__TASK DETAILS__.
How many of the lines below contain "network"? Answer with that number alone.

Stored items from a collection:
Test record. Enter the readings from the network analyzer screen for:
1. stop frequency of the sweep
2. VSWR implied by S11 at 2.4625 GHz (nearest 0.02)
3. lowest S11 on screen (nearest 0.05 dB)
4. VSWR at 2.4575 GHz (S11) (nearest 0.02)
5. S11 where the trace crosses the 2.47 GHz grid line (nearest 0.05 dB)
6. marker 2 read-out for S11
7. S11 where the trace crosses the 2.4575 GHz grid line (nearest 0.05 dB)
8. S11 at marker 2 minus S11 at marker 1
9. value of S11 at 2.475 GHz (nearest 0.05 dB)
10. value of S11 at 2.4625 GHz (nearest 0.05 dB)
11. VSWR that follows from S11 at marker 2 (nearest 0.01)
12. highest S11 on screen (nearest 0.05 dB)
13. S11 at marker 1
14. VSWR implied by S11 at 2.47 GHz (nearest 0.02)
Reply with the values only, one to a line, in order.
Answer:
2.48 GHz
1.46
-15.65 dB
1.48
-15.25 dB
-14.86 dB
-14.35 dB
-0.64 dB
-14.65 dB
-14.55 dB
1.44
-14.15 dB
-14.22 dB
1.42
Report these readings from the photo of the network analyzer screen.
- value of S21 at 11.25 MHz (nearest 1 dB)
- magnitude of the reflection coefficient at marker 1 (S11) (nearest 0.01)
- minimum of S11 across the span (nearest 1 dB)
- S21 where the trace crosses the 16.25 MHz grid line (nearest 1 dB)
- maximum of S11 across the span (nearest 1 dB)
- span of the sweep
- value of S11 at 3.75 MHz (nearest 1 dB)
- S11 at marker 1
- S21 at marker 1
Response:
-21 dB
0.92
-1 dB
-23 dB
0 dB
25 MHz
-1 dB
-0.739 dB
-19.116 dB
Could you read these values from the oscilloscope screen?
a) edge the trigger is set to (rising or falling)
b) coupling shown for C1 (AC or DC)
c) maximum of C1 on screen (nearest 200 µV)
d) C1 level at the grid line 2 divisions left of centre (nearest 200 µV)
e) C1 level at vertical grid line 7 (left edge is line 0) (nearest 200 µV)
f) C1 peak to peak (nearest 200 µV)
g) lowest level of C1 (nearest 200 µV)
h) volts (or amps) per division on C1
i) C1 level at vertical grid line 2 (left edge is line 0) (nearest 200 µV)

__TASK RESULT__.
2